The Food and Drug Administration has announced it is finalising guidance on its existing Breakthrough Devices Program as well as announcing plans for a Safer Technologies Program (STeP).
The Breakthrough Devices Program aims to accelerate the development of device and give patients access to products that more effectively diagnose or treat life-threatening or life-changing conditions.
The guidance on the Breakthrough Devices Program aims to provide what the FDA calls a more “agile” process, which involves more consultation between themselves and the device manufacturer.
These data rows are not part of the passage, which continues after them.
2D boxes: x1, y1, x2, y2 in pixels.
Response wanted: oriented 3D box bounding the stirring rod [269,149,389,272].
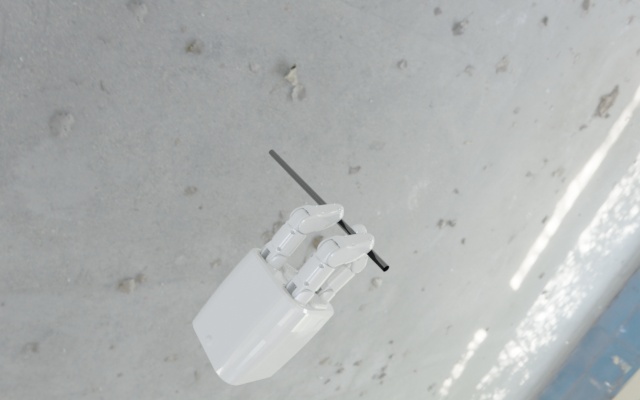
[{"bbox_3d":[0.000,0.002,0.544,0.011,0.011,0.239,0,33,-39],"label":"stirring rod"}]
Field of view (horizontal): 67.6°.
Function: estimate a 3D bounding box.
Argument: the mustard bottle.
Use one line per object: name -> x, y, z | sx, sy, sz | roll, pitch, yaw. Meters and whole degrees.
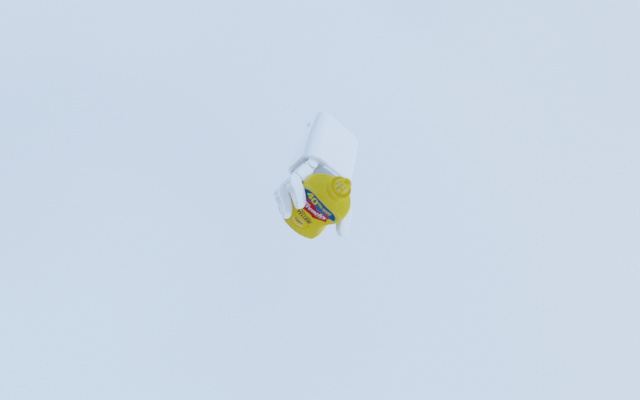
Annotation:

In a statement on its website, FDA commissioner Scott Gottlieb, and Jeff Shuren, director of the Center for Devices and Radiological Health said: “We plan to put forth additional detail next year on STeP related to how we would apply principles and features of the current Breakthrough Devices Program to devices with the potential for significant safety improvements as compared to available treatment or diagnostic options. For instance, we will consider how we could apply Breakthrough principles and features to products intended to treat or diagnose non-life-threatening diseases or conditions, but which offer substantial safety innovations that either reduce the occurrence of a serious adverse event or other safety issue; address a known device failure mode or common user error; or provide for significant safety advantages for users.
“For example, consider an orthopaedic device that treats a condition that is not considered to be life-threatening or irreversibly debilitating. This device would not meet the Breakthrough Devices Program criteria because it is not intended to treat a life-threatening or irreversibly debilitating disease or condition; however, we will consider whether a device like this could qualify for the planned STeP program if it had an innovative safety mechanism that was intended to reduce post-surgical complications. Or, consider a medical imaging device that does not meet the Breakthrough criteria but significantly reduces radiation exposure in comparison to similar devices, which would be both beneficial to patients and clinicians. Such devices would have safety advantages compared to current devices and therefore would be the kinds of devices that may qualify for inclusion in STeP."
The FDA went on to say that the programs will be on two different pathways in that one will treat life-threatening and life-changing conditions, and the other treats less serious conditions and “innovates” on safety – but could both have a similar impact both in terms of safety and access.